═══ Records for the task ═══

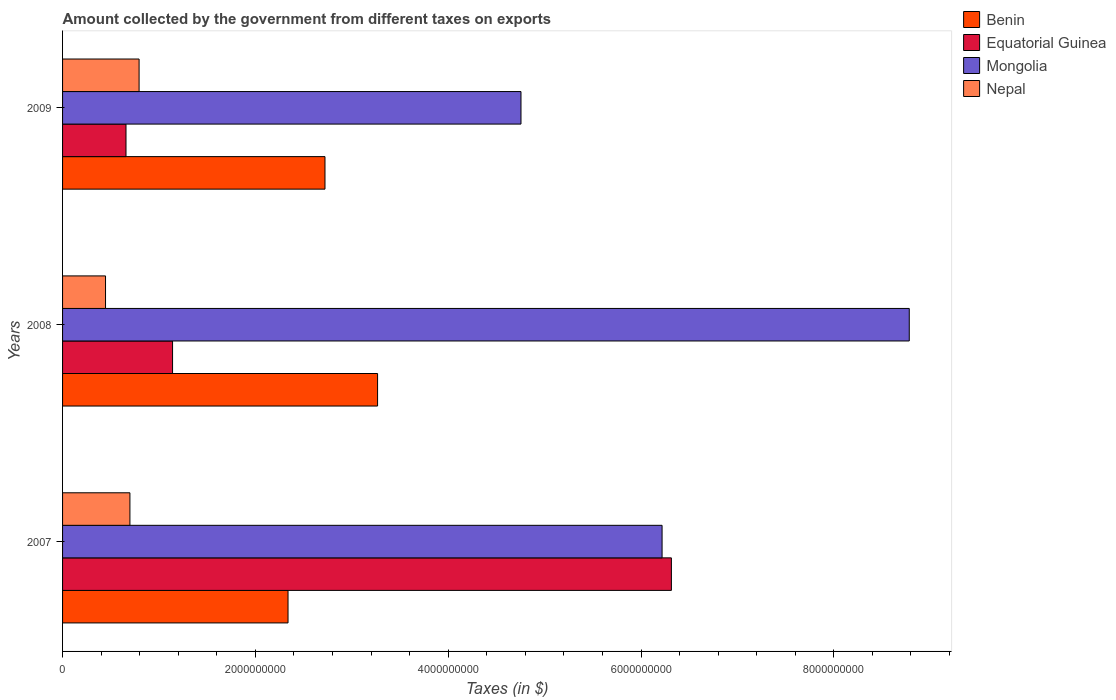Are the number of bars on each tick of the Y-axis equal?
Provide a short and direct response. Yes. How many bars are there on the 2nd tick from the top?
Your answer should be compact. 4. How many bars are there on the 1st tick from the bottom?
Your answer should be compact. 4. What is the label of the 2nd group of bars from the top?
Give a very brief answer. 2008. In how many cases, is the number of bars for a given year not equal to the number of legend labels?
Your response must be concise. 0. What is the amount collected by the government from taxes on exports in Nepal in 2009?
Ensure brevity in your answer.  7.94e+08. Across all years, what is the maximum amount collected by the government from taxes on exports in Mongolia?
Your response must be concise. 8.78e+09. Across all years, what is the minimum amount collected by the government from taxes on exports in Benin?
Make the answer very short. 2.34e+09. What is the total amount collected by the government from taxes on exports in Benin in the graph?
Your answer should be compact. 8.33e+09. What is the difference between the amount collected by the government from taxes on exports in Benin in 2007 and that in 2008?
Provide a succinct answer. -9.29e+08. What is the difference between the amount collected by the government from taxes on exports in Nepal in 2009 and the amount collected by the government from taxes on exports in Equatorial Guinea in 2008?
Provide a short and direct response. -3.47e+08. What is the average amount collected by the government from taxes on exports in Nepal per year?
Your answer should be very brief. 6.46e+08. In the year 2009, what is the difference between the amount collected by the government from taxes on exports in Mongolia and amount collected by the government from taxes on exports in Nepal?
Give a very brief answer. 3.96e+09. In how many years, is the amount collected by the government from taxes on exports in Benin greater than 8800000000 $?
Give a very brief answer. 0. What is the ratio of the amount collected by the government from taxes on exports in Equatorial Guinea in 2007 to that in 2008?
Give a very brief answer. 5.53. Is the amount collected by the government from taxes on exports in Nepal in 2007 less than that in 2008?
Ensure brevity in your answer.  No. What is the difference between the highest and the second highest amount collected by the government from taxes on exports in Nepal?
Ensure brevity in your answer.  9.52e+07. What is the difference between the highest and the lowest amount collected by the government from taxes on exports in Equatorial Guinea?
Make the answer very short. 5.66e+09. In how many years, is the amount collected by the government from taxes on exports in Nepal greater than the average amount collected by the government from taxes on exports in Nepal taken over all years?
Provide a short and direct response. 2. Is it the case that in every year, the sum of the amount collected by the government from taxes on exports in Nepal and amount collected by the government from taxes on exports in Benin is greater than the sum of amount collected by the government from taxes on exports in Equatorial Guinea and amount collected by the government from taxes on exports in Mongolia?
Provide a short and direct response. Yes. What does the 2nd bar from the top in 2007 represents?
Offer a terse response. Mongolia. What does the 3rd bar from the bottom in 2009 represents?
Your answer should be very brief. Mongolia. Is it the case that in every year, the sum of the amount collected by the government from taxes on exports in Nepal and amount collected by the government from taxes on exports in Mongolia is greater than the amount collected by the government from taxes on exports in Equatorial Guinea?
Your answer should be very brief. Yes. How many bars are there?
Your answer should be compact. 12. Are all the bars in the graph horizontal?
Provide a short and direct response. Yes. Are the values on the major ticks of X-axis written in scientific E-notation?
Make the answer very short. No. Where does the legend appear in the graph?
Offer a terse response. Top right. How many legend labels are there?
Ensure brevity in your answer.  4. How are the legend labels stacked?
Your answer should be very brief. Vertical. What is the title of the graph?
Provide a short and direct response. Amount collected by the government from different taxes on exports. Does "Ukraine" appear as one of the legend labels in the graph?
Your answer should be very brief. No. What is the label or title of the X-axis?
Offer a very short reply. Taxes (in $). What is the Taxes (in $) in Benin in 2007?
Offer a very short reply. 2.34e+09. What is the Taxes (in $) of Equatorial Guinea in 2007?
Make the answer very short. 6.32e+09. What is the Taxes (in $) in Mongolia in 2007?
Offer a very short reply. 6.22e+09. What is the Taxes (in $) of Nepal in 2007?
Make the answer very short. 6.99e+08. What is the Taxes (in $) in Benin in 2008?
Make the answer very short. 3.27e+09. What is the Taxes (in $) of Equatorial Guinea in 2008?
Offer a very short reply. 1.14e+09. What is the Taxes (in $) in Mongolia in 2008?
Give a very brief answer. 8.78e+09. What is the Taxes (in $) of Nepal in 2008?
Your answer should be very brief. 4.46e+08. What is the Taxes (in $) of Benin in 2009?
Give a very brief answer. 2.72e+09. What is the Taxes (in $) in Equatorial Guinea in 2009?
Your answer should be compact. 6.58e+08. What is the Taxes (in $) in Mongolia in 2009?
Your answer should be compact. 4.75e+09. What is the Taxes (in $) of Nepal in 2009?
Keep it short and to the point. 7.94e+08. Across all years, what is the maximum Taxes (in $) in Benin?
Your answer should be compact. 3.27e+09. Across all years, what is the maximum Taxes (in $) in Equatorial Guinea?
Your answer should be compact. 6.32e+09. Across all years, what is the maximum Taxes (in $) of Mongolia?
Your response must be concise. 8.78e+09. Across all years, what is the maximum Taxes (in $) of Nepal?
Make the answer very short. 7.94e+08. Across all years, what is the minimum Taxes (in $) in Benin?
Your answer should be very brief. 2.34e+09. Across all years, what is the minimum Taxes (in $) in Equatorial Guinea?
Give a very brief answer. 6.58e+08. Across all years, what is the minimum Taxes (in $) in Mongolia?
Offer a terse response. 4.75e+09. Across all years, what is the minimum Taxes (in $) in Nepal?
Offer a terse response. 4.46e+08. What is the total Taxes (in $) of Benin in the graph?
Offer a very short reply. 8.33e+09. What is the total Taxes (in $) in Equatorial Guinea in the graph?
Give a very brief answer. 8.11e+09. What is the total Taxes (in $) of Mongolia in the graph?
Ensure brevity in your answer.  1.98e+1. What is the total Taxes (in $) in Nepal in the graph?
Your response must be concise. 1.94e+09. What is the difference between the Taxes (in $) of Benin in 2007 and that in 2008?
Your answer should be very brief. -9.29e+08. What is the difference between the Taxes (in $) of Equatorial Guinea in 2007 and that in 2008?
Provide a succinct answer. 5.17e+09. What is the difference between the Taxes (in $) in Mongolia in 2007 and that in 2008?
Offer a terse response. -2.56e+09. What is the difference between the Taxes (in $) in Nepal in 2007 and that in 2008?
Provide a succinct answer. 2.53e+08. What is the difference between the Taxes (in $) in Benin in 2007 and that in 2009?
Offer a terse response. -3.83e+08. What is the difference between the Taxes (in $) of Equatorial Guinea in 2007 and that in 2009?
Give a very brief answer. 5.66e+09. What is the difference between the Taxes (in $) of Mongolia in 2007 and that in 2009?
Ensure brevity in your answer.  1.46e+09. What is the difference between the Taxes (in $) of Nepal in 2007 and that in 2009?
Make the answer very short. -9.52e+07. What is the difference between the Taxes (in $) of Benin in 2008 and that in 2009?
Offer a very short reply. 5.45e+08. What is the difference between the Taxes (in $) in Equatorial Guinea in 2008 and that in 2009?
Offer a terse response. 4.83e+08. What is the difference between the Taxes (in $) in Mongolia in 2008 and that in 2009?
Provide a short and direct response. 4.03e+09. What is the difference between the Taxes (in $) of Nepal in 2008 and that in 2009?
Provide a succinct answer. -3.48e+08. What is the difference between the Taxes (in $) of Benin in 2007 and the Taxes (in $) of Equatorial Guinea in 2008?
Your response must be concise. 1.20e+09. What is the difference between the Taxes (in $) in Benin in 2007 and the Taxes (in $) in Mongolia in 2008?
Your answer should be very brief. -6.44e+09. What is the difference between the Taxes (in $) in Benin in 2007 and the Taxes (in $) in Nepal in 2008?
Offer a terse response. 1.89e+09. What is the difference between the Taxes (in $) in Equatorial Guinea in 2007 and the Taxes (in $) in Mongolia in 2008?
Ensure brevity in your answer.  -2.47e+09. What is the difference between the Taxes (in $) of Equatorial Guinea in 2007 and the Taxes (in $) of Nepal in 2008?
Your answer should be very brief. 5.87e+09. What is the difference between the Taxes (in $) of Mongolia in 2007 and the Taxes (in $) of Nepal in 2008?
Provide a short and direct response. 5.77e+09. What is the difference between the Taxes (in $) of Benin in 2007 and the Taxes (in $) of Equatorial Guinea in 2009?
Offer a terse response. 1.68e+09. What is the difference between the Taxes (in $) of Benin in 2007 and the Taxes (in $) of Mongolia in 2009?
Offer a very short reply. -2.42e+09. What is the difference between the Taxes (in $) in Benin in 2007 and the Taxes (in $) in Nepal in 2009?
Offer a terse response. 1.54e+09. What is the difference between the Taxes (in $) in Equatorial Guinea in 2007 and the Taxes (in $) in Mongolia in 2009?
Your answer should be compact. 1.56e+09. What is the difference between the Taxes (in $) in Equatorial Guinea in 2007 and the Taxes (in $) in Nepal in 2009?
Keep it short and to the point. 5.52e+09. What is the difference between the Taxes (in $) in Mongolia in 2007 and the Taxes (in $) in Nepal in 2009?
Your response must be concise. 5.42e+09. What is the difference between the Taxes (in $) of Benin in 2008 and the Taxes (in $) of Equatorial Guinea in 2009?
Ensure brevity in your answer.  2.61e+09. What is the difference between the Taxes (in $) in Benin in 2008 and the Taxes (in $) in Mongolia in 2009?
Make the answer very short. -1.49e+09. What is the difference between the Taxes (in $) in Benin in 2008 and the Taxes (in $) in Nepal in 2009?
Your answer should be compact. 2.47e+09. What is the difference between the Taxes (in $) of Equatorial Guinea in 2008 and the Taxes (in $) of Mongolia in 2009?
Provide a succinct answer. -3.61e+09. What is the difference between the Taxes (in $) in Equatorial Guinea in 2008 and the Taxes (in $) in Nepal in 2009?
Ensure brevity in your answer.  3.47e+08. What is the difference between the Taxes (in $) in Mongolia in 2008 and the Taxes (in $) in Nepal in 2009?
Ensure brevity in your answer.  7.99e+09. What is the average Taxes (in $) in Benin per year?
Provide a succinct answer. 2.78e+09. What is the average Taxes (in $) in Equatorial Guinea per year?
Keep it short and to the point. 2.70e+09. What is the average Taxes (in $) of Mongolia per year?
Give a very brief answer. 6.59e+09. What is the average Taxes (in $) of Nepal per year?
Offer a terse response. 6.46e+08. In the year 2007, what is the difference between the Taxes (in $) in Benin and Taxes (in $) in Equatorial Guinea?
Keep it short and to the point. -3.98e+09. In the year 2007, what is the difference between the Taxes (in $) in Benin and Taxes (in $) in Mongolia?
Your response must be concise. -3.88e+09. In the year 2007, what is the difference between the Taxes (in $) in Benin and Taxes (in $) in Nepal?
Provide a succinct answer. 1.64e+09. In the year 2007, what is the difference between the Taxes (in $) in Equatorial Guinea and Taxes (in $) in Mongolia?
Keep it short and to the point. 9.66e+07. In the year 2007, what is the difference between the Taxes (in $) of Equatorial Guinea and Taxes (in $) of Nepal?
Your answer should be very brief. 5.62e+09. In the year 2007, what is the difference between the Taxes (in $) in Mongolia and Taxes (in $) in Nepal?
Keep it short and to the point. 5.52e+09. In the year 2008, what is the difference between the Taxes (in $) of Benin and Taxes (in $) of Equatorial Guinea?
Offer a very short reply. 2.13e+09. In the year 2008, what is the difference between the Taxes (in $) in Benin and Taxes (in $) in Mongolia?
Make the answer very short. -5.52e+09. In the year 2008, what is the difference between the Taxes (in $) of Benin and Taxes (in $) of Nepal?
Ensure brevity in your answer.  2.82e+09. In the year 2008, what is the difference between the Taxes (in $) of Equatorial Guinea and Taxes (in $) of Mongolia?
Provide a short and direct response. -7.64e+09. In the year 2008, what is the difference between the Taxes (in $) of Equatorial Guinea and Taxes (in $) of Nepal?
Offer a terse response. 6.95e+08. In the year 2008, what is the difference between the Taxes (in $) in Mongolia and Taxes (in $) in Nepal?
Make the answer very short. 8.34e+09. In the year 2009, what is the difference between the Taxes (in $) of Benin and Taxes (in $) of Equatorial Guinea?
Offer a very short reply. 2.06e+09. In the year 2009, what is the difference between the Taxes (in $) in Benin and Taxes (in $) in Mongolia?
Your answer should be compact. -2.03e+09. In the year 2009, what is the difference between the Taxes (in $) in Benin and Taxes (in $) in Nepal?
Give a very brief answer. 1.93e+09. In the year 2009, what is the difference between the Taxes (in $) of Equatorial Guinea and Taxes (in $) of Mongolia?
Provide a succinct answer. -4.10e+09. In the year 2009, what is the difference between the Taxes (in $) of Equatorial Guinea and Taxes (in $) of Nepal?
Keep it short and to the point. -1.36e+08. In the year 2009, what is the difference between the Taxes (in $) of Mongolia and Taxes (in $) of Nepal?
Provide a succinct answer. 3.96e+09. What is the ratio of the Taxes (in $) of Benin in 2007 to that in 2008?
Your response must be concise. 0.72. What is the ratio of the Taxes (in $) of Equatorial Guinea in 2007 to that in 2008?
Your response must be concise. 5.53. What is the ratio of the Taxes (in $) in Mongolia in 2007 to that in 2008?
Make the answer very short. 0.71. What is the ratio of the Taxes (in $) of Nepal in 2007 to that in 2008?
Provide a short and direct response. 1.57. What is the ratio of the Taxes (in $) of Benin in 2007 to that in 2009?
Make the answer very short. 0.86. What is the ratio of the Taxes (in $) in Equatorial Guinea in 2007 to that in 2009?
Your answer should be very brief. 9.6. What is the ratio of the Taxes (in $) in Mongolia in 2007 to that in 2009?
Your answer should be compact. 1.31. What is the ratio of the Taxes (in $) in Nepal in 2007 to that in 2009?
Provide a short and direct response. 0.88. What is the ratio of the Taxes (in $) of Benin in 2008 to that in 2009?
Your answer should be compact. 1.2. What is the ratio of the Taxes (in $) of Equatorial Guinea in 2008 to that in 2009?
Provide a short and direct response. 1.73. What is the ratio of the Taxes (in $) in Mongolia in 2008 to that in 2009?
Your answer should be very brief. 1.85. What is the ratio of the Taxes (in $) of Nepal in 2008 to that in 2009?
Your answer should be very brief. 0.56. What is the difference between the highest and the second highest Taxes (in $) of Benin?
Keep it short and to the point. 5.45e+08. What is the difference between the highest and the second highest Taxes (in $) in Equatorial Guinea?
Keep it short and to the point. 5.17e+09. What is the difference between the highest and the second highest Taxes (in $) of Mongolia?
Your answer should be very brief. 2.56e+09. What is the difference between the highest and the second highest Taxes (in $) of Nepal?
Your answer should be very brief. 9.52e+07. What is the difference between the highest and the lowest Taxes (in $) of Benin?
Offer a very short reply. 9.29e+08. What is the difference between the highest and the lowest Taxes (in $) in Equatorial Guinea?
Your response must be concise. 5.66e+09. What is the difference between the highest and the lowest Taxes (in $) in Mongolia?
Your answer should be very brief. 4.03e+09. What is the difference between the highest and the lowest Taxes (in $) of Nepal?
Ensure brevity in your answer.  3.48e+08. 
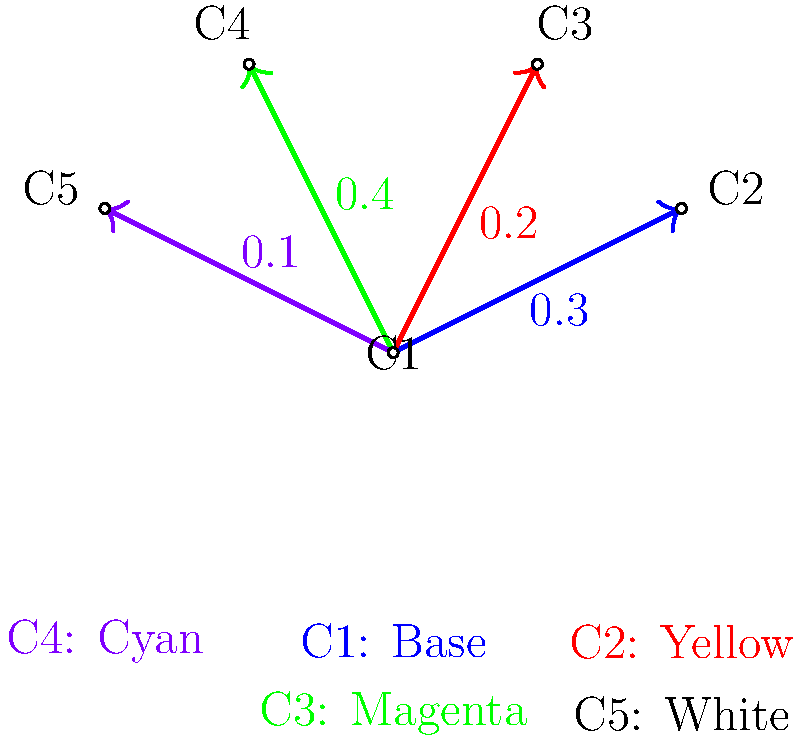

═══

• Task objective: From the line that has "Your response must be concise. 0.72." through the line that has "Keep it short and to the point. 5.45e+08.", copy every line exactly as it appears above, and leave out all others.

• Answer to the exercise:
Your response must be concise. 0.72. What is the ratio of the Taxes (in $) of Equatorial Guinea in 2007 to that in 2008?
Your response must be concise. 5.53. What is the ratio of the Taxes (in $) in Mongolia in 2007 to that in 2008?
Make the answer very short. 0.71. What is the ratio of the Taxes (in $) of Nepal in 2007 to that in 2008?
Provide a short and direct response. 1.57. What is the ratio of the Taxes (in $) of Benin in 2007 to that in 2009?
Make the answer very short. 0.86. What is the ratio of the Taxes (in $) in Equatorial Guinea in 2007 to that in 2009?
Your answer should be very brief. 9.6. What is the ratio of the Taxes (in $) in Mongolia in 2007 to that in 2009?
Your answer should be compact. 1.31. What is the ratio of the Taxes (in $) in Nepal in 2007 to that in 2009?
Provide a short and direct response. 0.88. What is the ratio of the Taxes (in $) of Benin in 2008 to that in 2009?
Your answer should be compact. 1.2. What is the ratio of the Taxes (in $) of Equatorial Guinea in 2008 to that in 2009?
Provide a short and direct response. 1.73. What is the ratio of the Taxes (in $) in Mongolia in 2008 to that in 2009?
Your answer should be very brief. 1.85. What is the ratio of the Taxes (in $) of Nepal in 2008 to that in 2009?
Your answer should be very brief. 0.56. What is the difference between the highest and the second highest Taxes (in $) of Benin?
Keep it short and to the point. 5.45e+08. What is the difference between the highest and the second highest Taxes (in $) in Equatorial Guinea?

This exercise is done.